When the soul buries itself in desolation, life no longer makes sense. This is how people who suffer from depression feel. The disease is one of the most underestimated in its severity. And it is unequally distributed: According to the AOK Federal Association, women are almost twice as likely to suffer from depression as men. Doctors have long puzzled over why this is so.

But now scientists at the Icahn School of Medicine at Mount Sinai in New York hope to have found an answer to the question. It is in the genome and belongs to a group of molecules that are now world famous: RNAs, or, to put it bluntly, ribonucleic acids. Mankind got to know them as a corona vaccine; as molecules that carry the blueprint of a protein. They usually get the information from the genetic material that is in our cells. In the case of vaccination, we got them injected.

But another group of RNA molecules can do even more. It can turn circuits on and off in the body – and thus ensure that more or fewer proteins are formed, i.e. that genes are read or remain silent. Such RNAs, which do not form blueprints for proteins, as we now know, can affect a person’s health. They allow the body to react to external influences to which it is exposed, such as diet. They are divided into two groups: long and very short variants. WELT AM SONNTAG has already reported on therapies that stop a so-called microRNA that fuels heart failure. The development of our brain even depended on the molecules that had been neglected for a long time.

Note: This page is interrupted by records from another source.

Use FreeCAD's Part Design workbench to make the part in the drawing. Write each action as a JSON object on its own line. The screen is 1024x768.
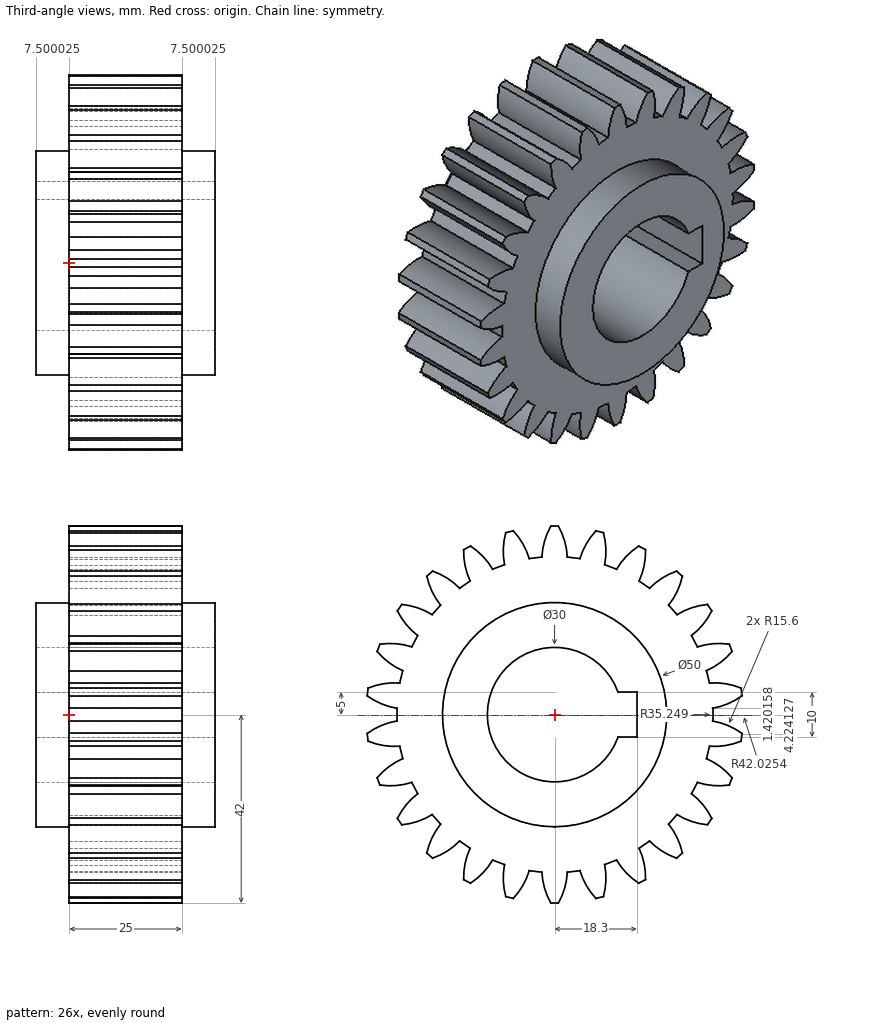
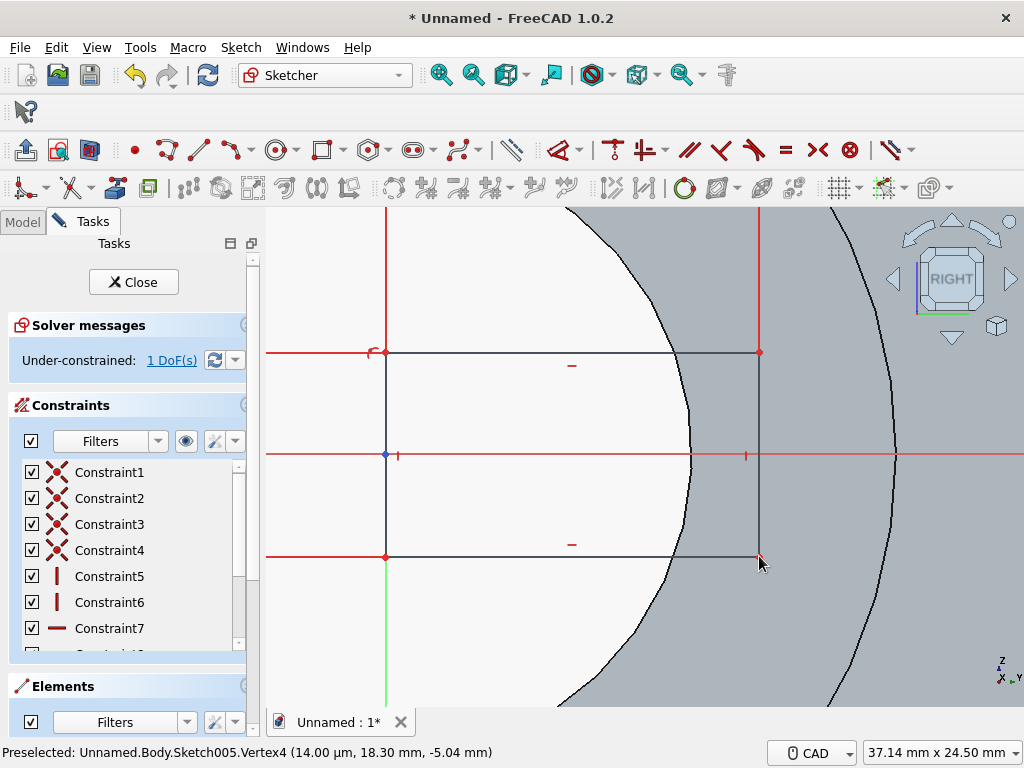
{"action": "left_click", "coordinate": [558, 150]}
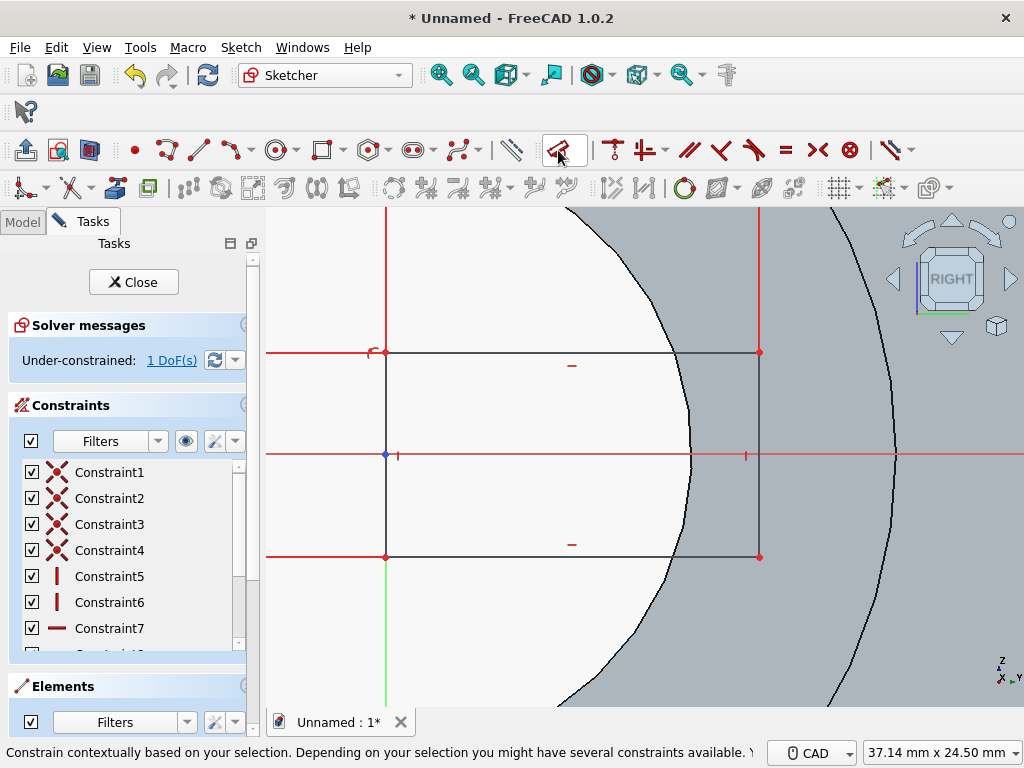
{"action": "left_click", "coordinate": [386, 353]}
{"action": "left_click", "coordinate": [352, 404]}
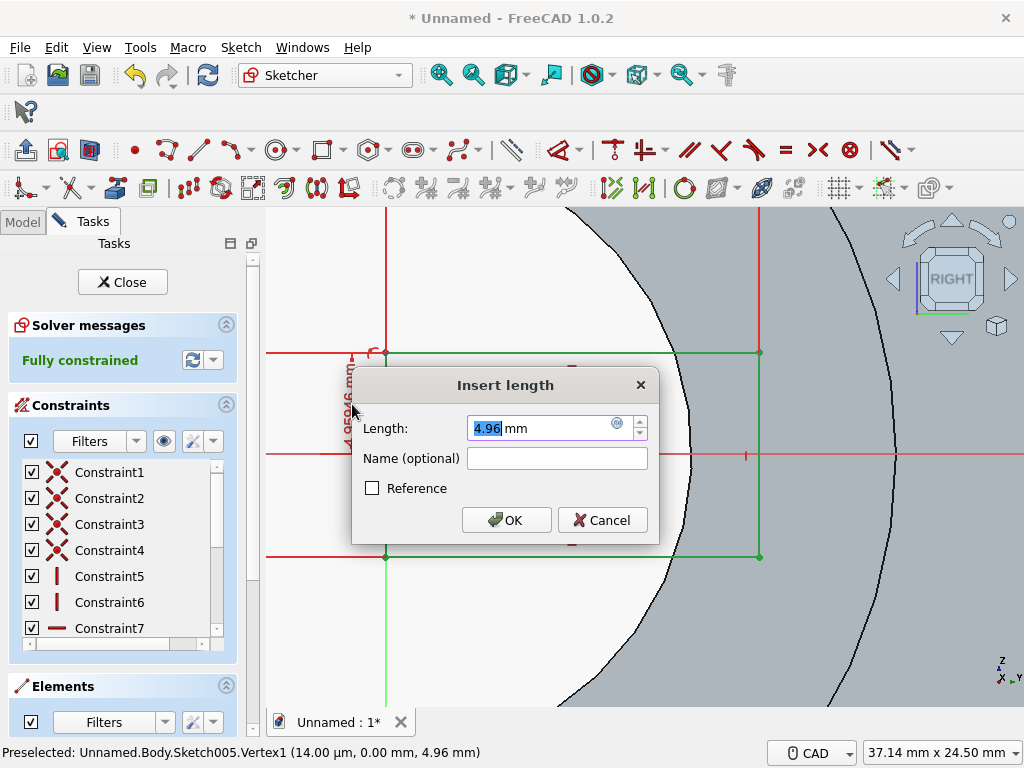
{"action": "type", "text": "5"}
{"action": "key", "text": "Return"}
{"action": "key", "text": "Escape"}

So it is perhaps not surprising that the team led by neuroscientist and psychiatrist Eric Nestler, director of the Friedman Brain Institute, came across one of the long RNAs when examining the brain samples of deceased people. It occurs primarily in the cells of the nervous system, which form the protective layer around the nerve tracts. Especially women who had suffered from severe depression showed high levels of it. So the scientists checked the role of RNA in mice and made a surprising discovery: only the females, who made a lot of it in the region of the brain where emotional evaluation is processed, showed anxious and depressive behavior.

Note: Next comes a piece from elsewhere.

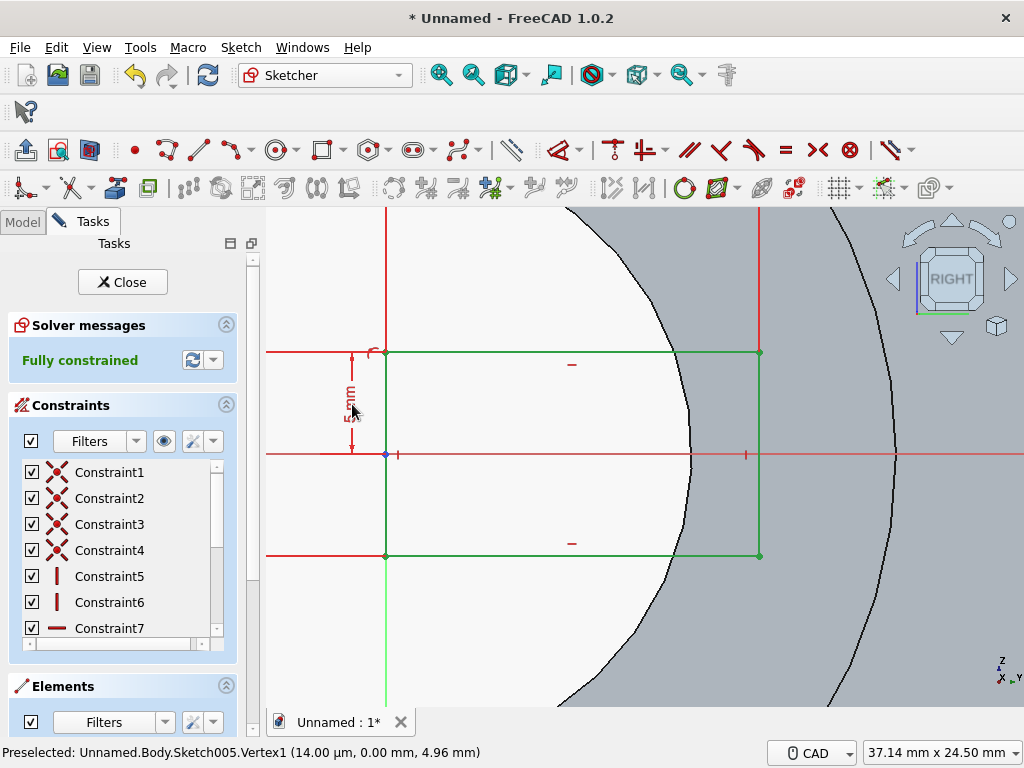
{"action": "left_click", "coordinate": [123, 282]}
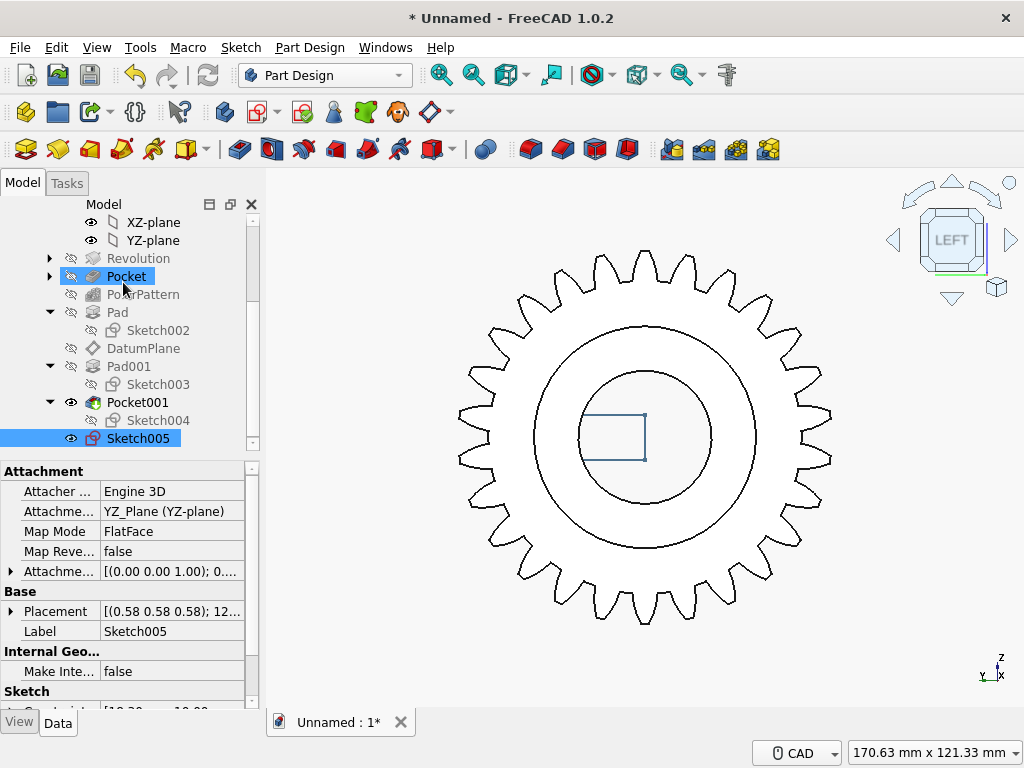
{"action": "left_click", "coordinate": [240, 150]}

In order to transfer their experiments to humans, the scientists then examined how much of the RNA circulates in the blood of severely depressed women. Here, too, they found significantly higher levels. What is particularly noteworthy is the finding that the amount of RNA correlates with the degree of the disease. When the women were treated, the amount in the blood dropped. The researchers now hope to have found a new starting point for the treatment of depression in women. Incidentally, they named the RNA molecule Fedora after a film starring Hildegard Knef.